Credit: FDA History Office
Wiley (back now, third from right) and members of a "Poison Squad," who ate food preservatives to determine their effects on health.

In 1902, as Harvey W. Wiley, chief chemist at the Bureau of Chemistry, was trying to build support for a national food and drug law, he initiated what came to be called the "Poison Squad" studies. At the time, many questions were being raised about the safety and suitability of the chemicals used to preserve foods. Wiley decided that the easiest way to answer those questions would be to feed the substances, one at a time, to healthy volunteers along with their meals in what he termed "hygienic table trials."

According to the Food & Drug Administration's historian Suzanne White Junod, Congress approved the protocol of the studies. Their aim was to determine "whether preservatives should ever be used, and if so, what preservatives and in what quantity," she wrote in an article published in 2002 on the website of the Food & Drug Law Institute. Before human testing began, there were no animal studies, no lab tests, no oversight from institutional review boards, and no consent forms.

COVER STORY

'Poison Squads' Tested Chemical Preservatives

All of the volunteers were men; many were chemists. At any one time, only 12 volunteers participated in each squad, but over the course of five years, some dropped out and new men joined the groups. Each squad was used to test a single chemical. The men agreed to eat nothing except what was provided to them. In the dining room at the Bureau of Chemistry, they ate large doses of a preservative, along with nutritious meals.

Borax, salicylic acid, formaldehyde, saccharin, sodium benzoate, and copper salts were given to the men in gelatin capsules, which they swallowed halfway through the meals. The squad members were examined once a week by physicians from the Public Health & Marine Hospital Service.

Most of the volunteers reported only temporary discomfort from the preservatives, according to Wiley's final reports of the multiyear study. At the end of the testing period, Wiley wrote, the volunteers tended to be healthier than they were at the start of testing, probably because they had had nutritious meals for an extended period of time and had nothing to drink except water.

Wiley, however, was "alarmed by the adverse effects he observed in some volunteers." The chemicals made several men so sick they couldn't function. They had nausea and vomiting and were unable to do work of any kind.

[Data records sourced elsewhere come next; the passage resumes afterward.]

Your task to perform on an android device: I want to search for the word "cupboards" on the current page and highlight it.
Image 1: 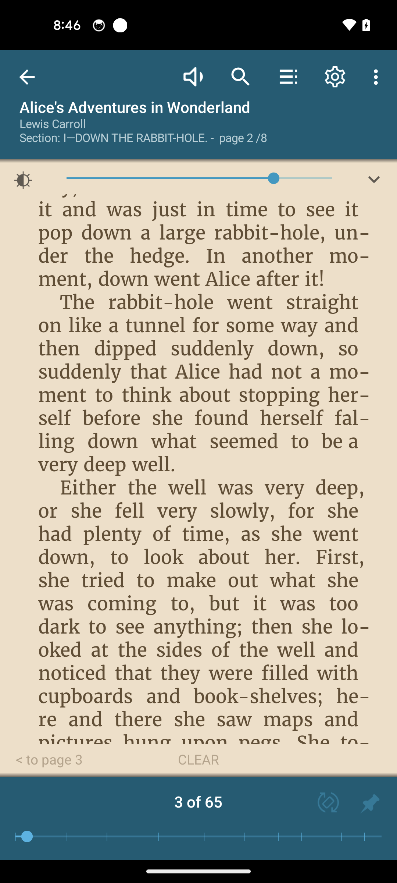
Tap on the search icon at the top of the screen
Step 1: click (241, 77)
Image 2: 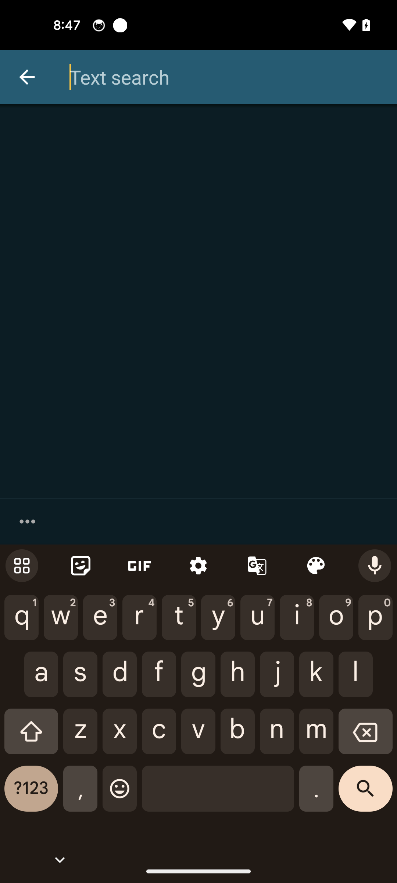
Search for the text cupboards
Step 2: type "cupboards"
Image 3: 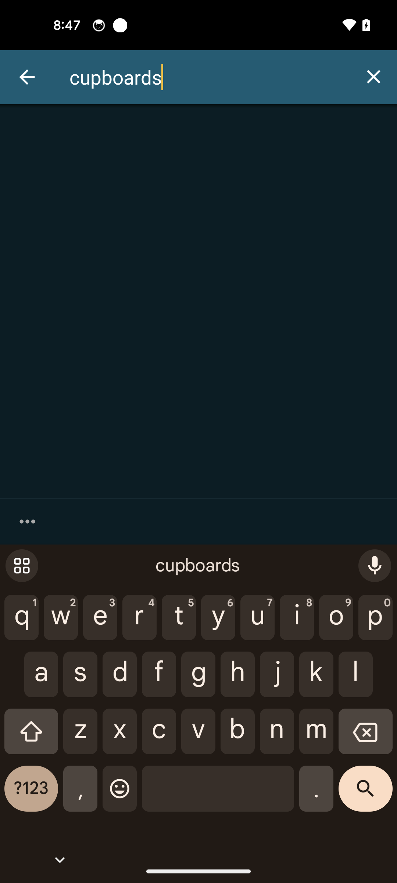
Tap on the search button
Step 3: click (365, 794)
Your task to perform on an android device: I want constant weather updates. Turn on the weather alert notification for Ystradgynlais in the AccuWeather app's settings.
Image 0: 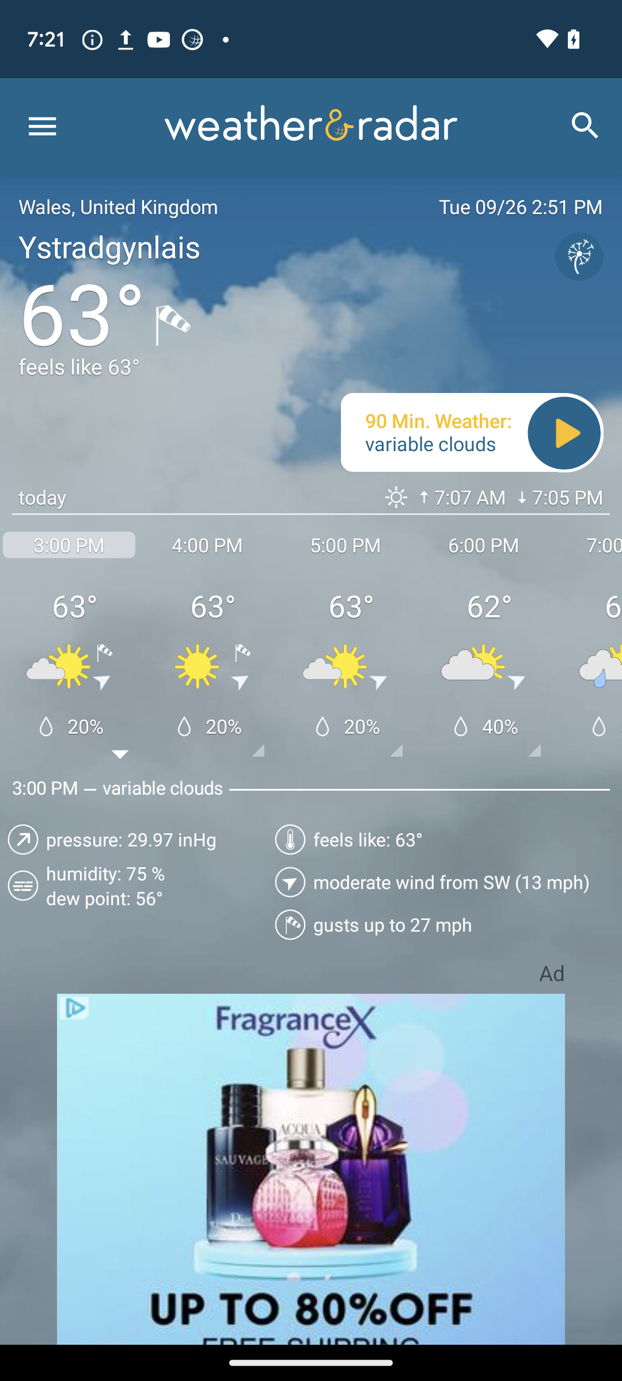
open the AccuWeather app
Step 0: open app "AccuWeather"
Image 1: 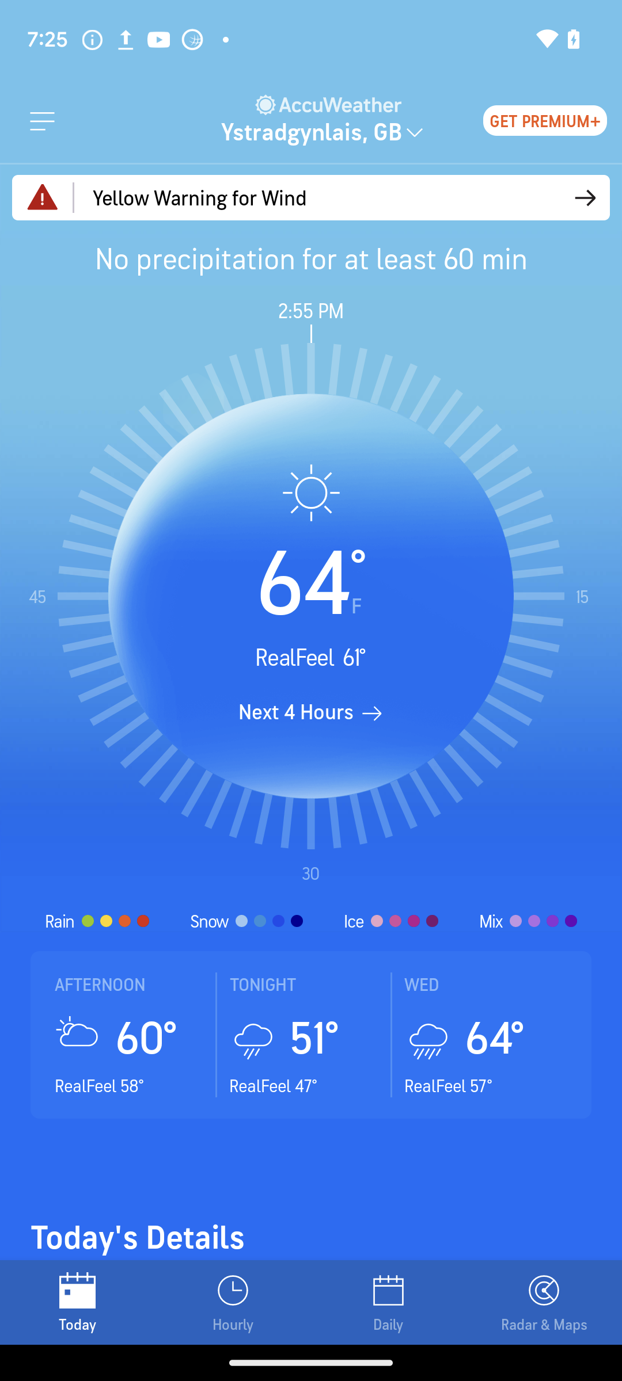
Click on the menu icon on the top left of the screen
Step 1: click (42, 120)
Image 2: 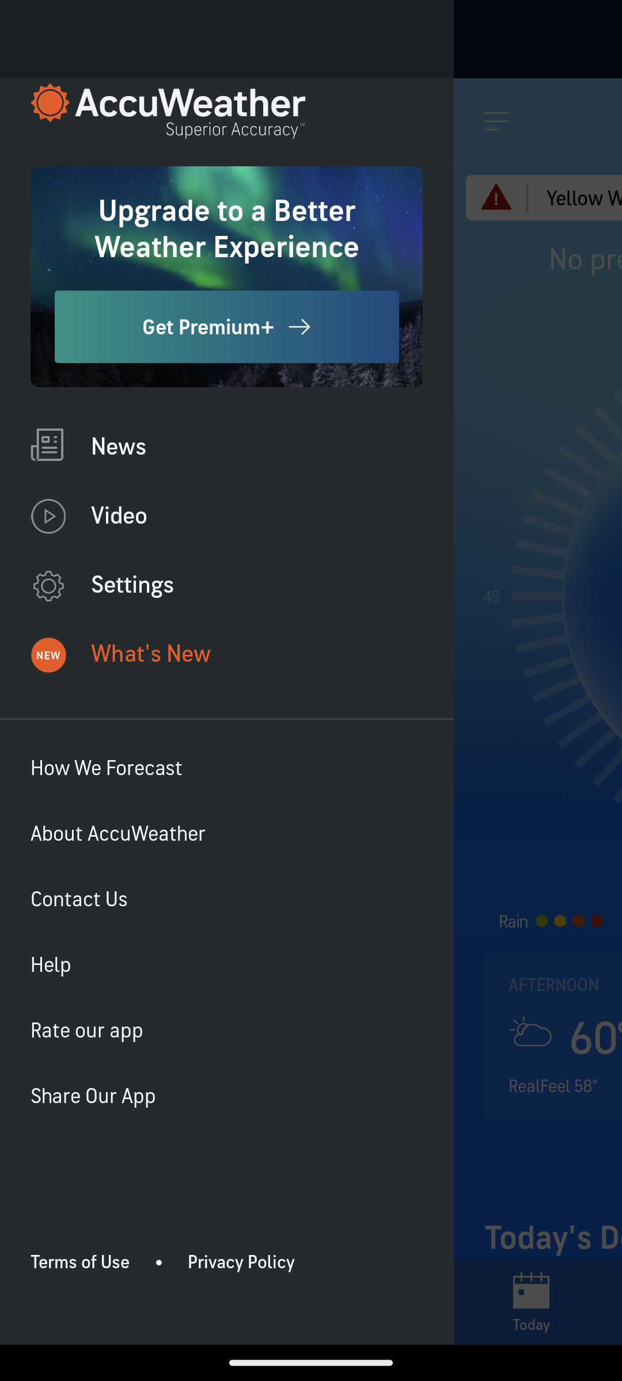
Click on the settings option
Step 2: click (132, 583)
Image 4: 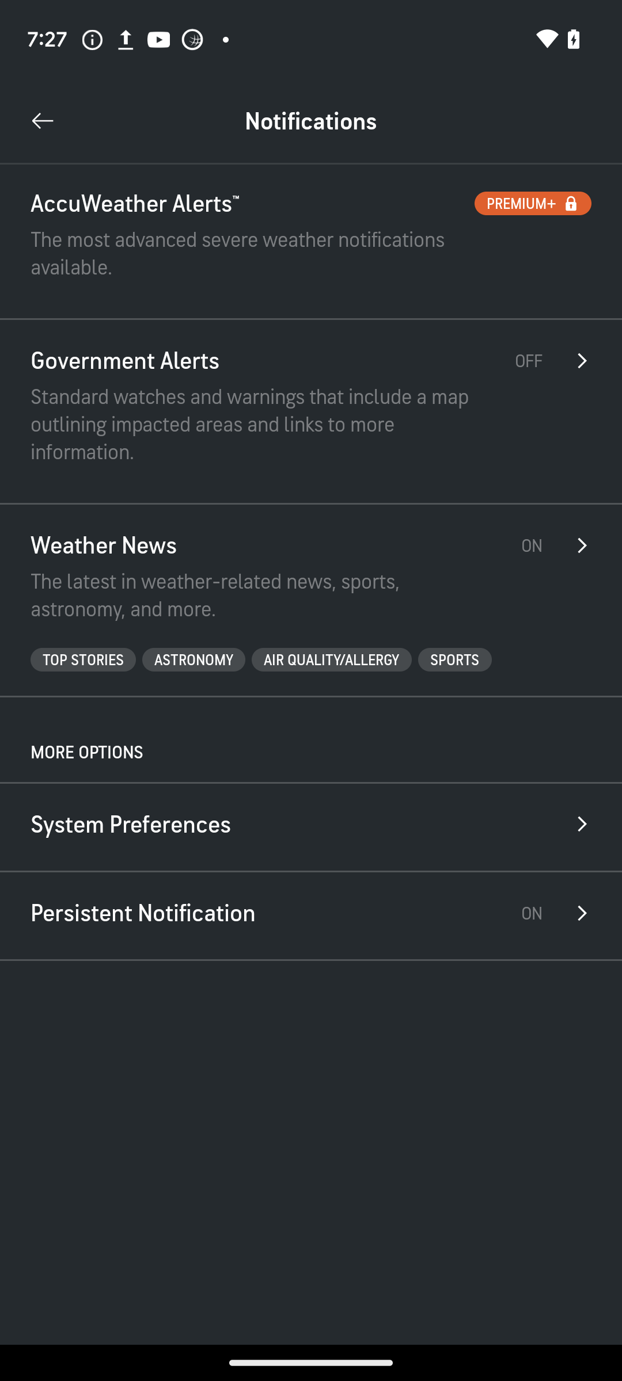
Click on Government Alerts option
Step 4: click (256, 425)
Image 5: 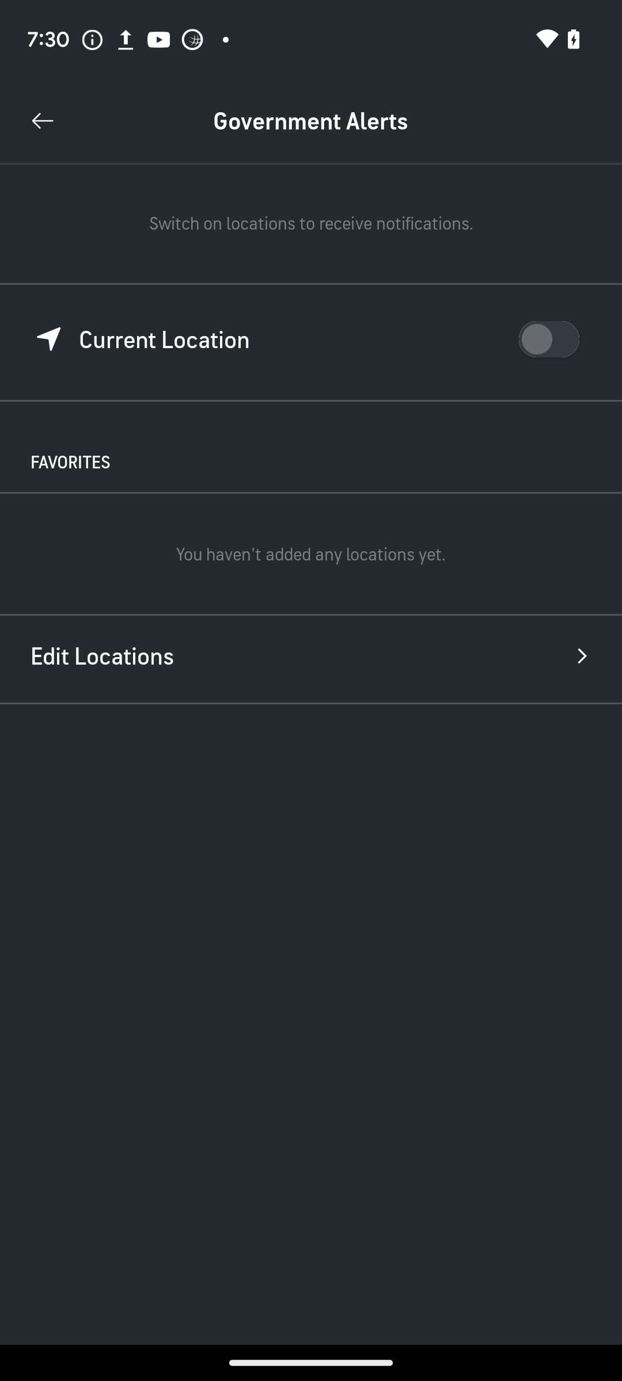
Click on the current location option
Step 5: click (549, 339)

However, according to Junod, none sustained permanent illness or injury.

Wiley decided that if large amounts of a preservative caused even temporary discomfort in a volunteer, the chemical should not be used because there was no way to control how much any individual in the general population would receive. But at the end of the studies, formaldehyde was the only chemical that was outlawed as a preservative.

Many newspaper articles at the time informed the public about the Poison Squad, and as a result, Americans became much more interested in food safety, Junod said. Ira Remson, a Johns Hopkins professor of chemistry, later tried to duplicate the studies, and for most of the preservatives, he came up with different results, she said. Although Wiley's studies, which had no control groups, did not meet today's scientific standards, they were rigorous for their time, Junod explained.